### INPUT DATA

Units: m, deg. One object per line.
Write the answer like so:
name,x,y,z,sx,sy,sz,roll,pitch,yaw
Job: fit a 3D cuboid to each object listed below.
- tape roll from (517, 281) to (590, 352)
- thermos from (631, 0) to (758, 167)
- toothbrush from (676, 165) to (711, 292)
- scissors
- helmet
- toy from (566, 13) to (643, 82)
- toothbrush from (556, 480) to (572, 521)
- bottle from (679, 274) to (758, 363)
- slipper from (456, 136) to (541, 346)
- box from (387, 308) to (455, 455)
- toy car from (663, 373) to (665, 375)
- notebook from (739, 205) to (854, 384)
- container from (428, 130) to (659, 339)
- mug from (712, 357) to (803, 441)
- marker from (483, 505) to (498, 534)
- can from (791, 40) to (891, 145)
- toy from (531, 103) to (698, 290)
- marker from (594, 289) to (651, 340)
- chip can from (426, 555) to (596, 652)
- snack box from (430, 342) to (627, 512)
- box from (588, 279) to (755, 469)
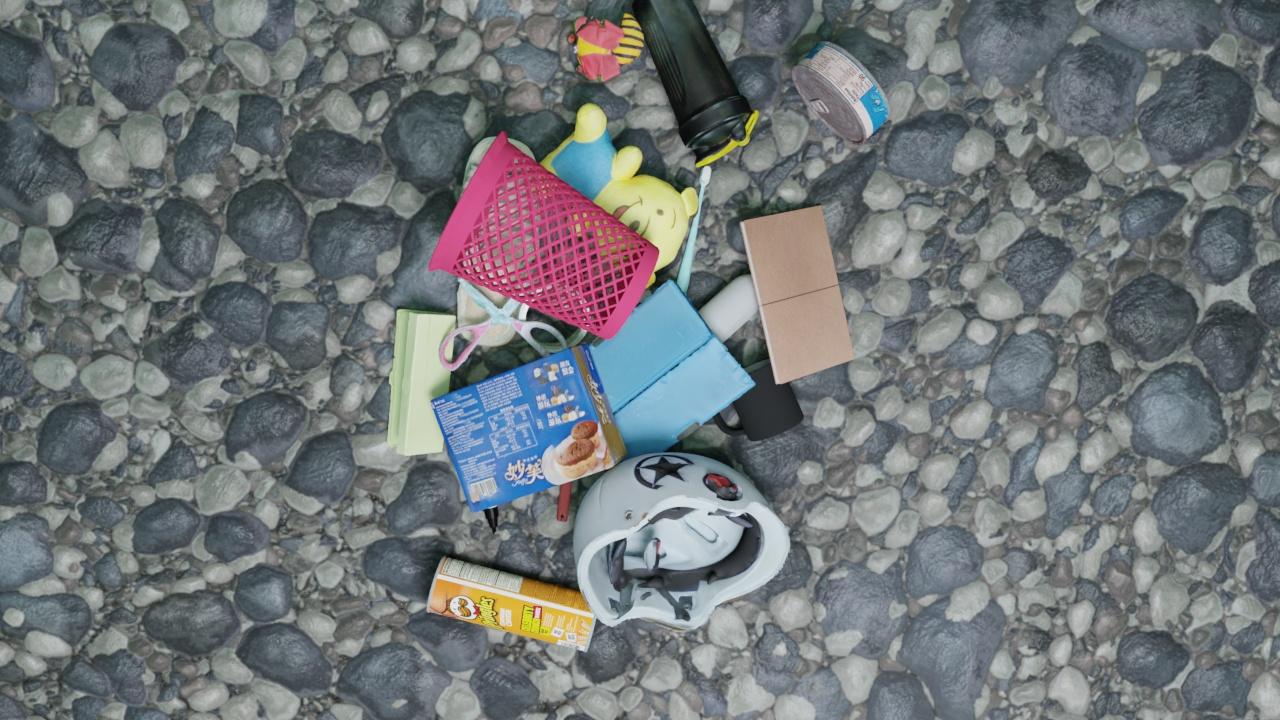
tape roll,-0.113,-0.056,1.199,0.093,0.018,0.094,-5,109,-15
thermos,0.067,-0.364,1.158,0.098,0.098,0.221,-24,90,1
toothbrush,0.069,-0.167,1.210,0.016,0.016,0.180,11,95,-3
scissors,-0.177,-0.037,1.176,0.172,0.013,0.170,40,99,-11
helmet,0.043,0.209,1.158,0.263,0.163,0.237,-2,130,-13
toy,-0.046,-0.397,1.161,0.104,0.046,0.084,-9,92,24
toothbrush,-0.094,0.122,1.229,0.016,0.016,0.190,7,96,0
bottle,0.118,-0.068,1.199,0.195,0.052,0.052,-42,94,2
slipper,-0.188,-0.152,1.190,0.114,0.054,0.273,4,97,-8
box,-0.285,0.028,1.201,0.077,0.091,0.188,4,94,-33
toy car,-0.007,0.007,1.210,0.091,0.036,0.042,-15,96,5
notebook,0.206,-0.087,1.184,0.141,0.008,0.209,-16,95,-33
container,-0.106,-0.132,1.085,0.225,0.183,0.183,29,93,-10
mug,0.146,0.056,1.204,0.114,0.078,0.088,-22,95,28
marker,-0.207,0.161,1.227,0.019,0.019,0.145,-9,94,0
can,0.249,-0.332,1.142,0.044,0.130,0.130,-44,94,2
toy,-0.028,-0.206,1.169,0.214,0.083,0.149,42,114,-7
marker,-0.032,-0.043,1.216,0.133,0.017,0.020,-46,113,2
chip can,-0.167,0.322,1.212,0.215,0.075,0.075,15,94,-2
snack box,-0.140,0.085,1.152,0.203,0.069,0.155,-20,90,18
box,0.005,0.032,1.165,0.232,0.047,0.177,-39,91,16
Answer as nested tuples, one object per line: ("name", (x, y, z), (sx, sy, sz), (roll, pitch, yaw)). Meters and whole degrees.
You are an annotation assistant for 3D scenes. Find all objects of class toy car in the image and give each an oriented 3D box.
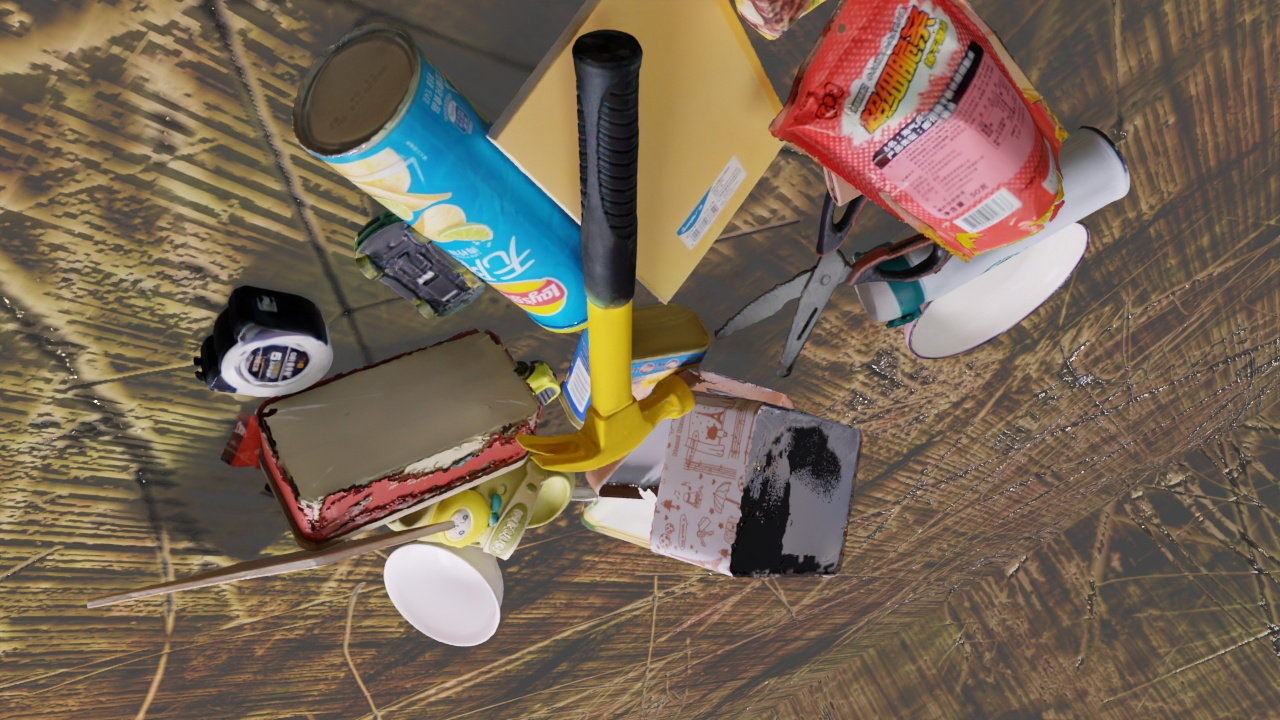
("toy car", (-0.128, -0.057, 0.533), (0.043, 0.036, 0.091), (-31, 152, 9))
("toy car", (-0.111, 0.036, 0.700), (0.105, 0.032, 0.048), (-24, 151, -3))

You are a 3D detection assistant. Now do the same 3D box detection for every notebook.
("notebook", (-0.259, 0.144, 0.655), (0.208, 0.008, 0.147), (-14, 174, 22))
("notebook", (0.015, -0.127, 0.514), (0.146, 0.010, 0.206), (-54, 148, 0))

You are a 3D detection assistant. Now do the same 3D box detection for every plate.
("plate", (0.332, -0.076, 0.876), (0.192, 0.039, 0.193), (-20, 150, -13))

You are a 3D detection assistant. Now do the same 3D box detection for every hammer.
("hammer", (-0.018, -0.039, 0.519), (0.128, 0.033, 0.301), (-30, 145, -26))

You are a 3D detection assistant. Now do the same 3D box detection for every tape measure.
("tape measure", (-0.217, -0.009, 0.540), (0.066, 0.033, 0.066), (13, 133, -46))

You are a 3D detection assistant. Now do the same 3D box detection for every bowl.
("bowl", (-0.172, 0.200, 0.859), (0.119, 0.118, 0.064), (-50, -177, 34))

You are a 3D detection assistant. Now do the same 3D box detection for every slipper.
("slipper", (-0.117, 0.116, 0.757), (0.190, 0.081, 0.092), (10, 112, -48))

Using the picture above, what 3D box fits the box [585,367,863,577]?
("box", (0.062, 0.086, 0.751), (0.166, 0.150, 0.181), (5, 173, 40))

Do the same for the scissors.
("scissors", (0.152, -0.079, 0.689), (0.225, 0.015, 0.189), (-22, 130, -4))

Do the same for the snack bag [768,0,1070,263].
("snack bag", (0.183, -0.147, 0.571), (0.207, 0.073, 0.129), (26, 108, -33))

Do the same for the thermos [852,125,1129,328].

######

> [TASK OBJECTIVE]: Repeat only the lines above, from the first line of the entries through the line that contains "- toy from (566, 13) to (643, 82)", including both ends.

> [OUTPUT FOR THIS EXERCISE]:
Units: m, deg. One object per line.
Write the answer like so:
name,x,y,z,sx,sy,sz,roll,pitch,yaw
Job: fit a 3D cuboid to each object listed below.
- tape roll from (517, 281) to (590, 352)
- thermos from (631, 0) to (758, 167)
- toothbrush from (676, 165) to (711, 292)
- scissors
- helmet
- toy from (566, 13) to (643, 82)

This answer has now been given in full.